INDUSTRY.co.id - Jakarta - Kementerian Perindustrian (Kemenperin) menyebut bahwa logam tanah jarang (LTJ) atau rare earth element (RRE) merupakan jenis logam yang sangat krusial bagi industri, karena memiliki manfaat yang sangat berlimpah.
"Kalau dari kacamata industri LTJ adalah vitaminnya industri. Dikatakan jarang tapi secara material dia melimpah dimana- mana," kata Direktur Jendral Industri Logam, Mesin, Alat Transportasi, dan Elektronika (ILMATE) Kementerian Perindustrian Taufiek Bawazier dalam Rapat Dengar Pendapat bersama Komisi VII (11/4).
Menurutnya, pengolahan logam ini juga membutuhkan pengetahuan yang tinggi dan kemampuan teknologi karena unsurnya tidak langsung berada dalam satu material tapi terpisah dalam bagian kecil.
Dikatakan Taufiek, jika Indonesia memiliki mapping (pemetaan) yang kuat, maka akan bisa menarik investasi untuk masuk ke Indonesia.
Ia merinci beberapa negara yang sudah melakukan pemetaan akan potensi LTJ seperti di China yang memiliki 44 juta ton, Vietnam 22 Juta ton, Brazil 21 juta ton, India 6 Juta ton dan Amerika 1,6 juta ton.
"Artinya mereka tau estimasi berapa yang harus masuk ke dalam proses ekstraksi dari logam tanah jarang ini dan ini penting bagi Indonesia supaya kita tahu di mana titik-titiknya," ujar Taufiek.
Ia juga mengungkapkan bahwa saat ini Kementerian Perindustrian juga sudah menyiapkan roadmap untuk pemafaatan LTJ dalam industri dan telah mempersiapkan regulasinya melalui instruksi presiden (inpres).
“Salah satu logam tanah jarang yang banyak terdapat dalam hasil ikutan timah adalah monasit.

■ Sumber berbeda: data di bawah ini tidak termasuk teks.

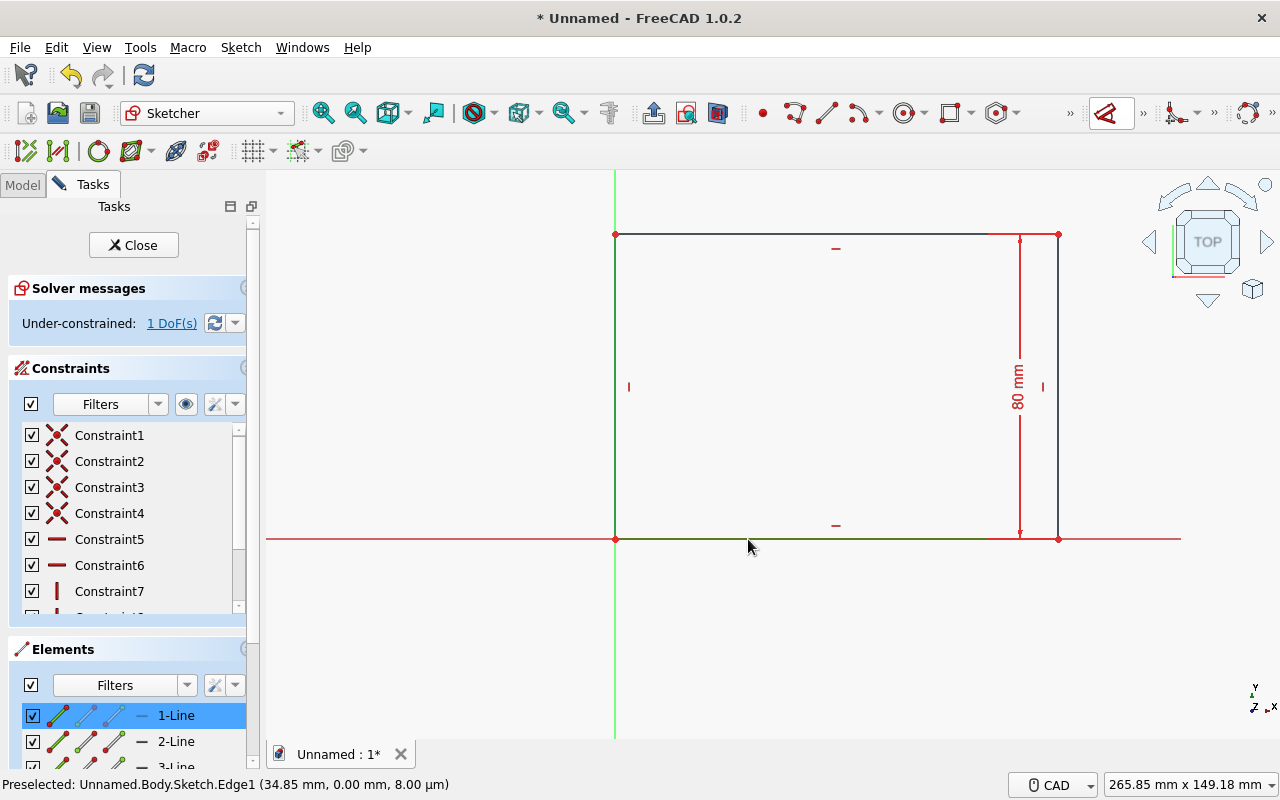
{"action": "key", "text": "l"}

Monasit memiliki banyak kegunaan untuk industri pertahanan, medis, energi terbarukan, dan katalis. Monasit dalam green energy banyak dimanfaatkan untuk membuat magnet pada wind turbine,” paparnya.
Berdasarkan data Pusat Sumber Daya Mineral Batubara dan Panas Bumi (PSDMBP) Badan Geologi Kementerian ESDM, telah diidentifikasi sebanyak 28 lokasi yang memiliki potensi logam tanah jarang. Potensi tersebut tersebar di 16 lokasi di Sumatra, tujuh lokasi di Kalimantan, tiga lokasi di Sulawesi dan dua lokasi di Jawa.

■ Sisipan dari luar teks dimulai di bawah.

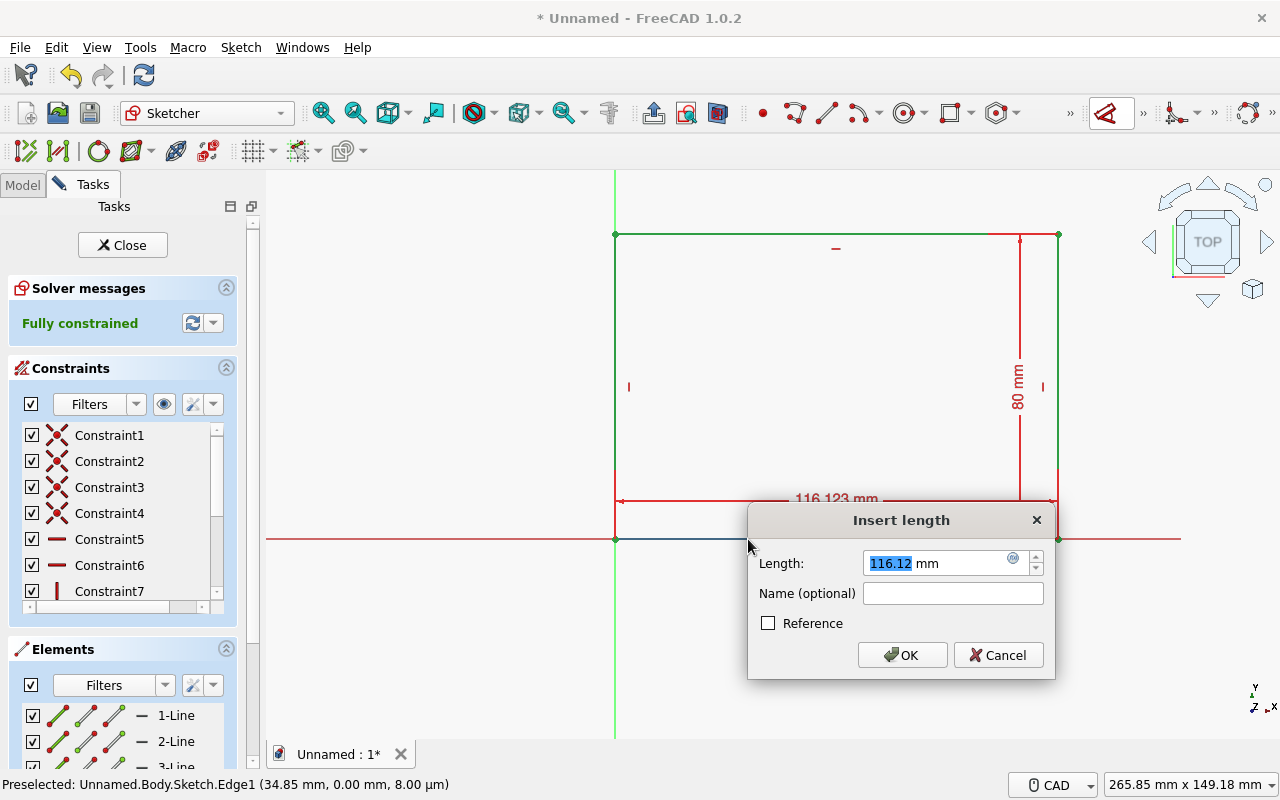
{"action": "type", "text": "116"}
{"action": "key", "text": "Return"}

Sementara itu, ada sembilan lokasi survei dan penyelidikan yang dilakukan Badan Geologi untuk mengungkap potensi mineral, yakni tersebar di Mandailing Natal, Sumatera Utara untuk logam emas dan mineral ikutannya. Selanjutnya, Sumbawa Barat, NTB untuk mineral logam mulia dan logam dasar.